## About this exercise
Give again, exactly as written, the lines of the records below from the line with "Could you assist" to the line with "How many people". Both end lines count; pictures do not.

[Data items]

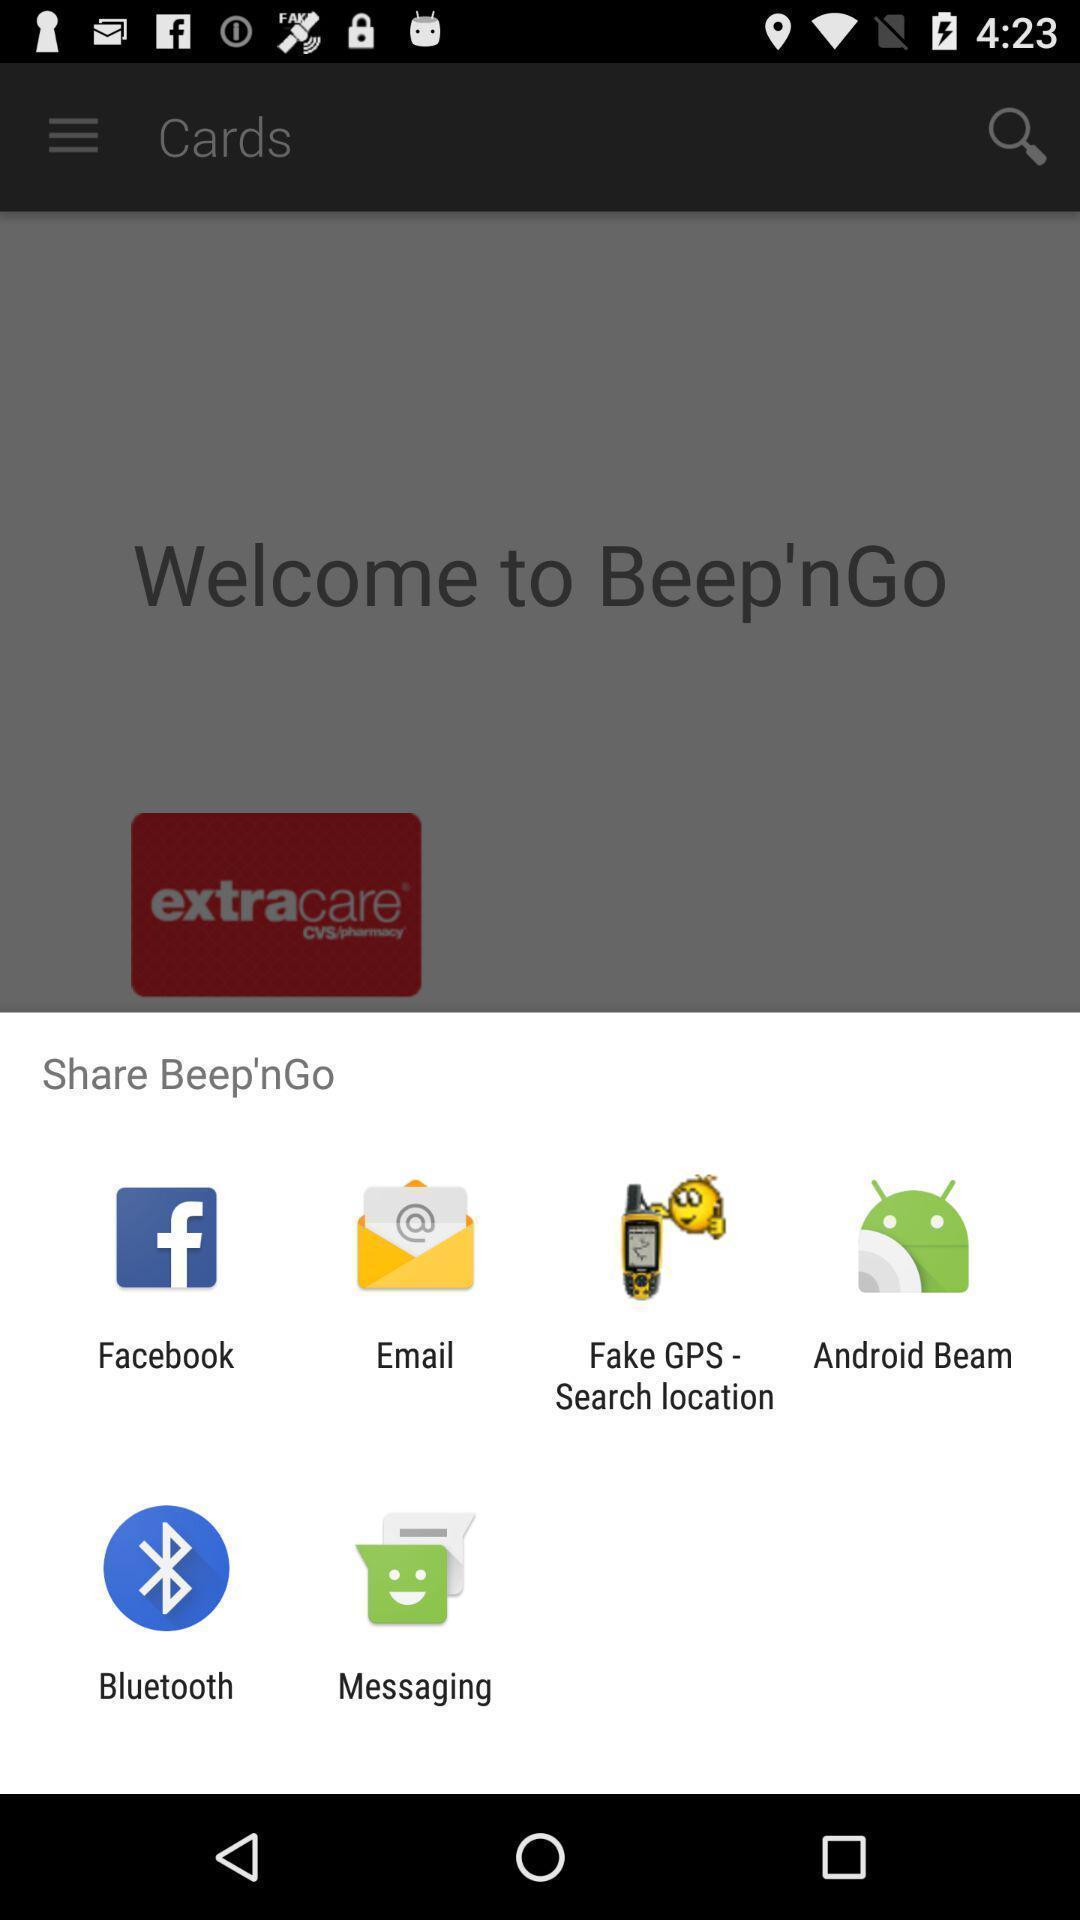Tell me what you see in this picture. Pop-up showing different sharing options. 
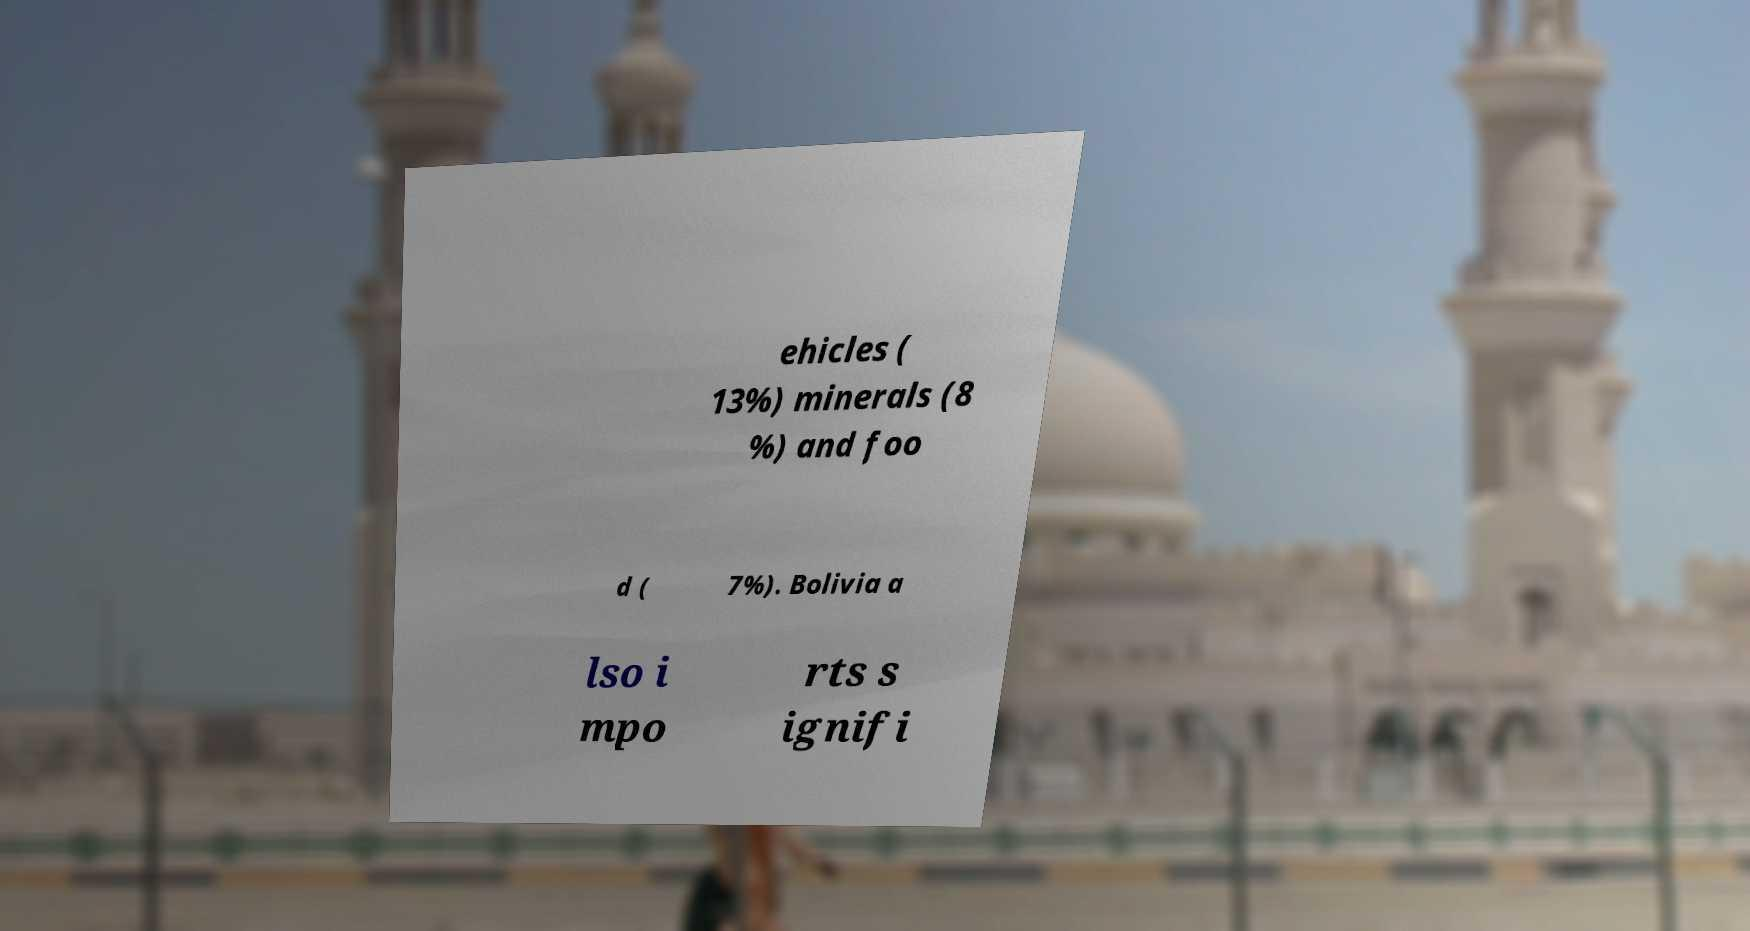Could you assist in decoding the text presented in this image and type it out clearly? ehicles ( 13%) minerals (8 %) and foo d ( 7%). Bolivia a lso i mpo rts s ignifi 
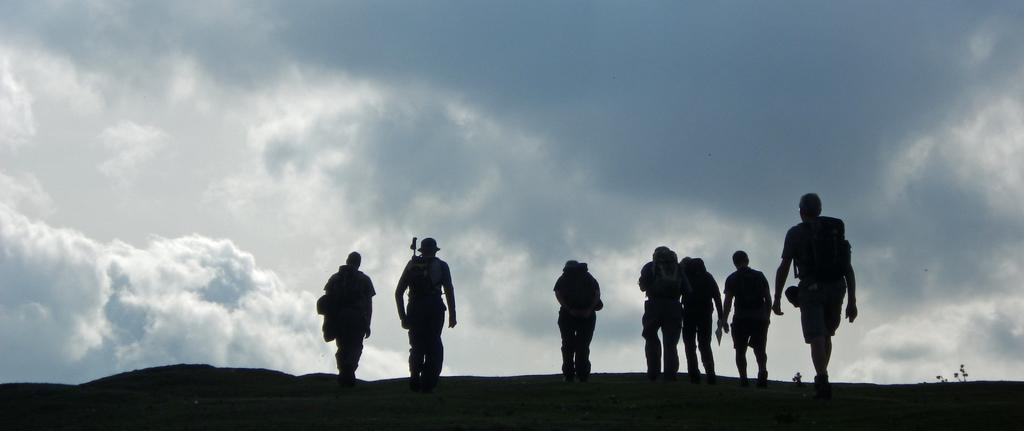How many people are in the image? There is a group of people in the image, but the exact number cannot be determined from the provided facts. What is visible in the background of the image? The sky is visible in the background of the image. Can you describe the sky in the image? The sky appears to be cloudy in the image. Where is the basin located in the image? There is no basin present in the image. What type of fan is being used by the people in the image? There is no fan visible in the image. 
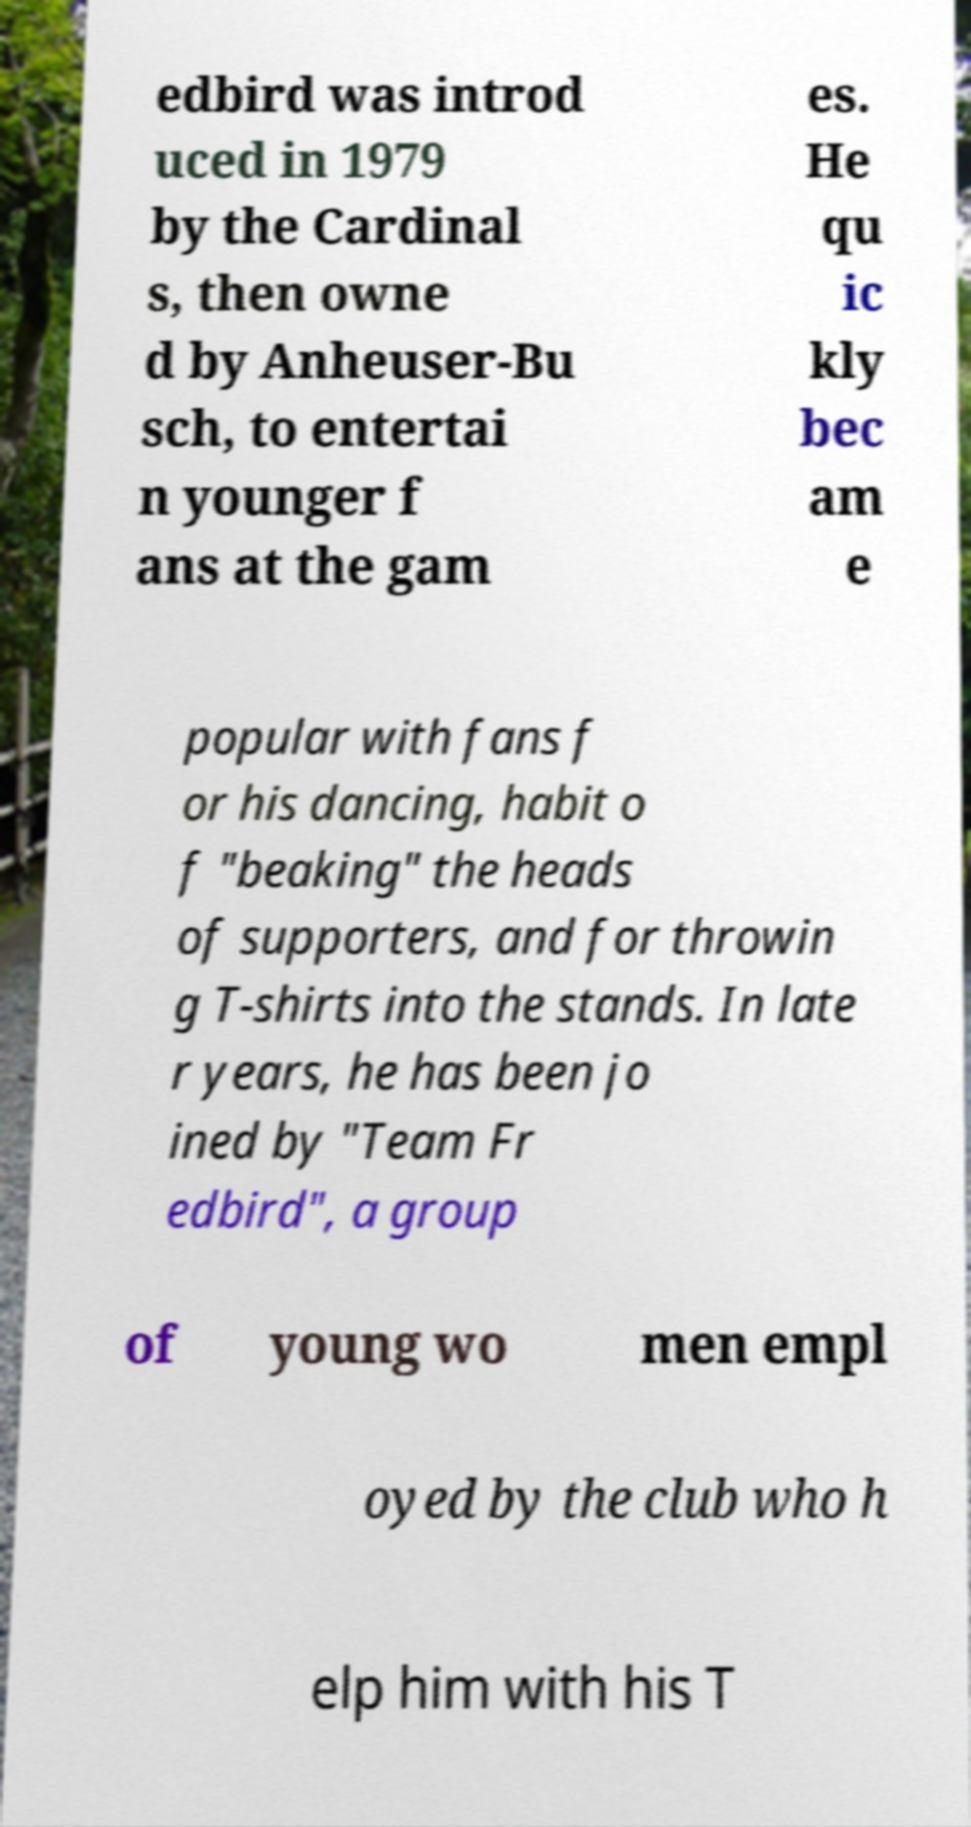Please read and relay the text visible in this image. What does it say? edbird was introd uced in 1979 by the Cardinal s, then owne d by Anheuser-Bu sch, to entertai n younger f ans at the gam es. He qu ic kly bec am e popular with fans f or his dancing, habit o f "beaking" the heads of supporters, and for throwin g T-shirts into the stands. In late r years, he has been jo ined by "Team Fr edbird", a group of young wo men empl oyed by the club who h elp him with his T 
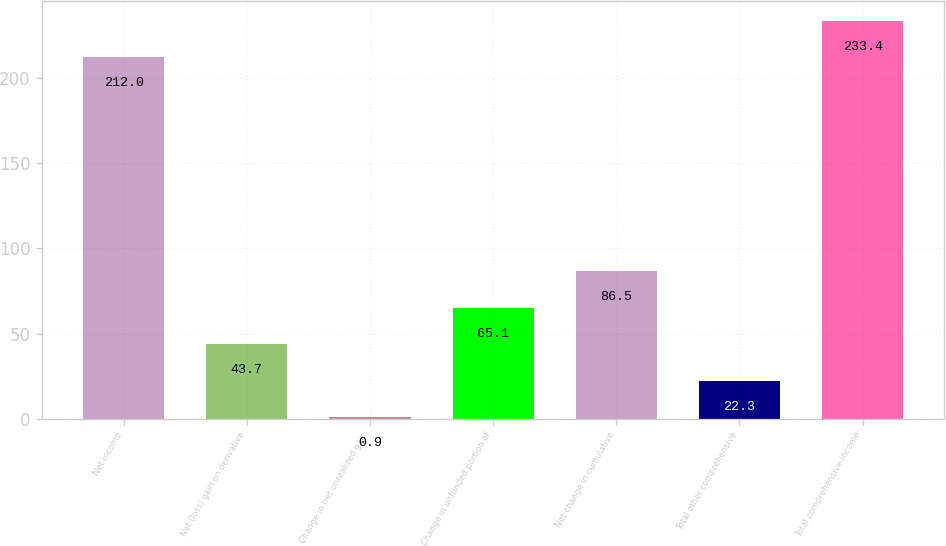Convert chart to OTSL. <chart><loc_0><loc_0><loc_500><loc_500><bar_chart><fcel>Net income<fcel>Net (loss) gain on derivative<fcel>Change in net unrealized gain<fcel>Change in unfunded portion of<fcel>Net change in cumulative<fcel>Total other comprehensive<fcel>Total comprehensive income<nl><fcel>212<fcel>43.7<fcel>0.9<fcel>65.1<fcel>86.5<fcel>22.3<fcel>233.4<nl></chart> 
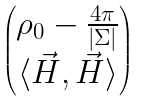<formula> <loc_0><loc_0><loc_500><loc_500>\begin{pmatrix} \rho _ { 0 } - \frac { 4 \pi } { | \Sigma | } \\ \langle \vec { H } , \vec { H } \rangle \end{pmatrix}</formula>

## Response
Could you assist in decoding the text presented in this image and type it out clearly? ehicles ( 13%) minerals (8 %) and foo d ( 7%). Bolivia a lso i mpo rts s ignifi 
How many people are in the image? There is a group of people in the image, but the exact number cannot be determined from the provided facts. What is visible in the background of the image? The sky is visible in the background of the image. Can you describe the sky in the image? The sky appears to be cloudy in the image. Where is the basin located in the image? There is no basin present in the image. What type of fan is being used by the people in the image? There is no fan visible in the image. 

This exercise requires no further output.